Photo: Daniel Dupont

20 janvier 2000
Humour et rumeurs résolument freudiennes
David Cantin
sources: Le Devoir

Deuxième création du Théâtre Pupulus Mordicus de Québec, Les Enrobantes s'annonce comme l'une des belles surprises théâtrales de l'hiver. Au périscope à Québec, le texte de Marie-Christine Lê-Huu jumelé à la passion pour le jeu marionnettique de Pierre Robitaille et Véronique St-Jacques en fait un rendez-vous incontournable.

Il faut voir le plaisir, ainsi que l'exigence, de cette jeune troupe qui peaufine un spectacle à partir de la rumeur de l'impuissance sexuelle sans retour du père de la psychanalyse.

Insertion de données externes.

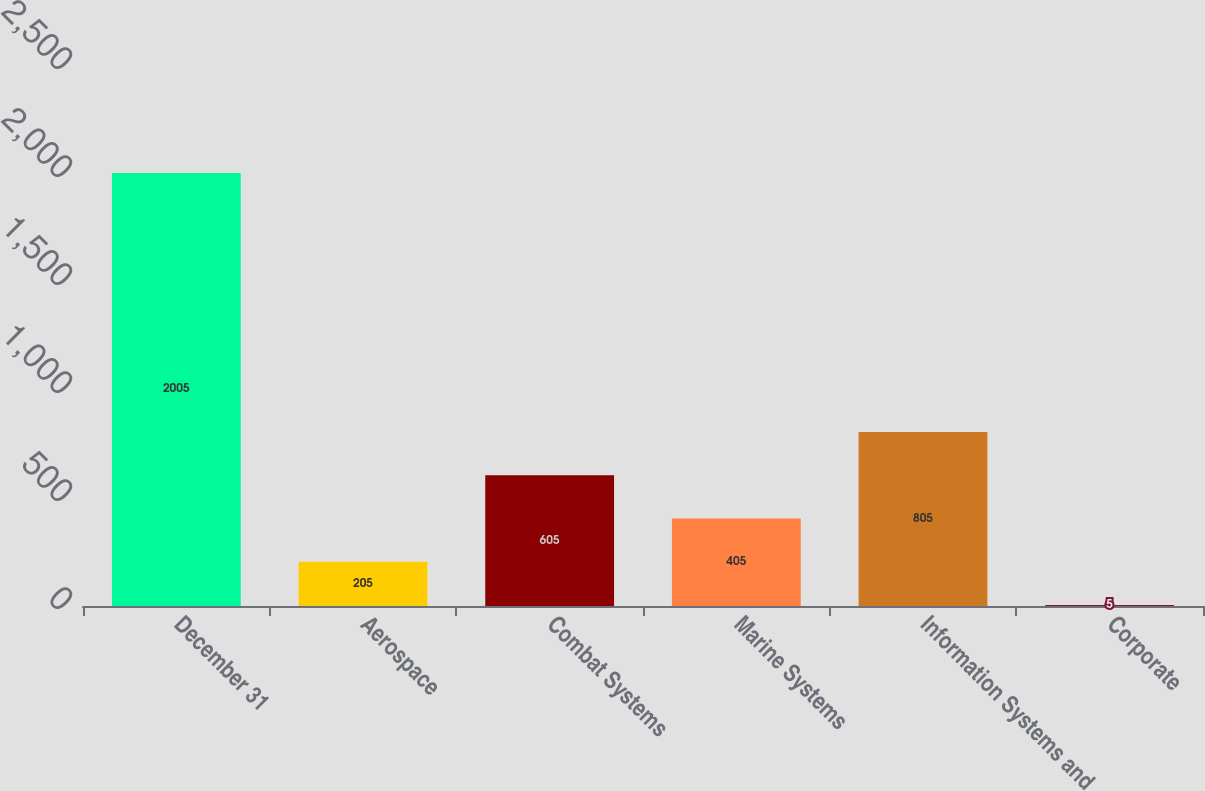Convert chart to OTSL. <chart><loc_0><loc_0><loc_500><loc_500><bar_chart><fcel>December 31<fcel>Aerospace<fcel>Combat Systems<fcel>Marine Systems<fcel>Information Systems and<fcel>Corporate<nl><fcel>2005<fcel>205<fcel>605<fcel>405<fcel>805<fcel>5<nl></chart> 
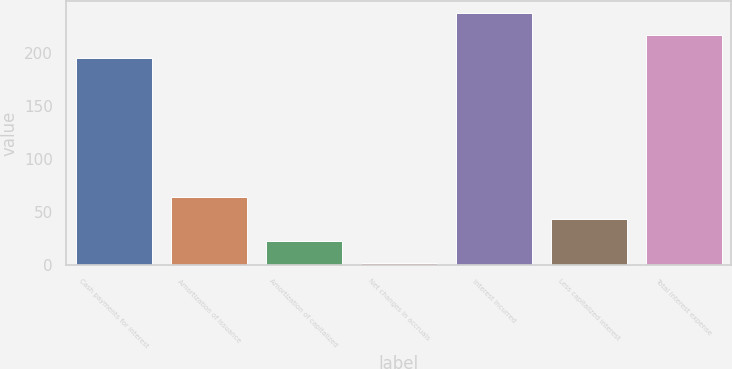Convert chart to OTSL. <chart><loc_0><loc_0><loc_500><loc_500><bar_chart><fcel>Cash payments for interest<fcel>Amortization of issuance<fcel>Amortization of capitalized<fcel>Net changes in accruals<fcel>Interest incurred<fcel>Less capitalized interest<fcel>Total interest expense<nl><fcel>196<fcel>64.7<fcel>22.9<fcel>2<fcel>237.8<fcel>43.8<fcel>216.9<nl></chart>

Véritable rencontre complice entre la marionnette et l'acteur, cette pièce fait preuve d'unbe ingéniosité incomparable. Elle résulte surtout d'une approche festive où le jeu ainsique la présence de musiciens laissent entrevoir un drôle de cabaret théâtral. En interrelation constante, ces marionnettes sont manipulées à vue sans costume noir ni cagoule. On étend, à juste titre, toutes les possibilités expressives des interprète. Avec l'aide de Gill Champagne à la mise en scène, ces créateurs-concepteurs n'hésitent pas à se lancer sur les traces de cette enquête psychanalytique curieuse dans le Vienne enivrant des années 30.

Toute cette comédie, débordante de clin d'oeil, pivote autour du précieux document que le docteur Sygmund Freud cache dans son cabinet; le compte rendu de son auto-analyse. On dit même qu'il irait jusqu'à contenir les preuves de l'impuissance de l'illustre spécialiste.

Alors que deux "bons aryens" de soldats nazis s'emparent de ces feuilles précieuses, la trame prend des allures bouffonnes. D'un pas déterminé, le docteur ira à leur poursuite jusqu'au fond du cabaret de madame Guste, où il tombera sur le divan charmeur de la somptueuse Lola.

Sur son chemin, on croise les silhouettes d'autres illustres psychanalystes qui tentent d'en comprendre un peu plus sur cette affaire loufoque. On comprendra qu'il est surtout question d'une drôle d'aventure qui porte à réfléchir.Toutefois, au delà d'une trame linéaire cocasse, c'est l'esthétique très expressionniste des Enrobantes qui séduit tout au long de la représentation. À ce titre, il faut saluer le travail rigoureux des comédiens-manipulateurs que sont Martin Genest, Anne-Marie Olivier, Pierre Robitaille et Véronique St-Jacques. Entre l'excès et la finesse, le jeu ne manque jamais d'audace. On découvre comment ces interprètes en arrivent à surmonter les obstacles grâce à une approche minutieuse. Il est étonnant d'observer la fougueuse Véronique Saint-Jacques qui entraîne les autres dans une sorte de passion commune. Sans jamais se faire prendre au sort de la caricature, l'histoire permet un certain réalisme qui donne un ton à l'ensemble du spectacle.

Autre atout des plus importants, le présence de Frédéric Lebrasseur et Martin Bélanger, quelque peu en retrait, installe une ambiance sonore qui relance sans cesse les scènes entre elles. Grâce à ce travail avec des percussions et un clavier, le rythme de la pièce se rassemble de manière adéquate. Ces effets sonores offrent ainsi aux marionnettes de nouvelles possibilités. Quant au décor, on construit le spectacle sur les coffres qui permettent de déjouer l'illusion théâtrale.

On souhaite voir d'autres troupes comme le Théâtre Pupulus Mordicus. Ce collectif de comédiens et d'artistes de disciplines diverses enchante et semble se nourrir d'une même passion, celle d'approfondir un art ainsi qu'un jeu qui convoque le spectateur à un vertige émotionnel. De l'humour à une pratique théâtrale des plus intéressantes, Les Enrobantes au Périscope à Québec ne peut qu'être propice au succès.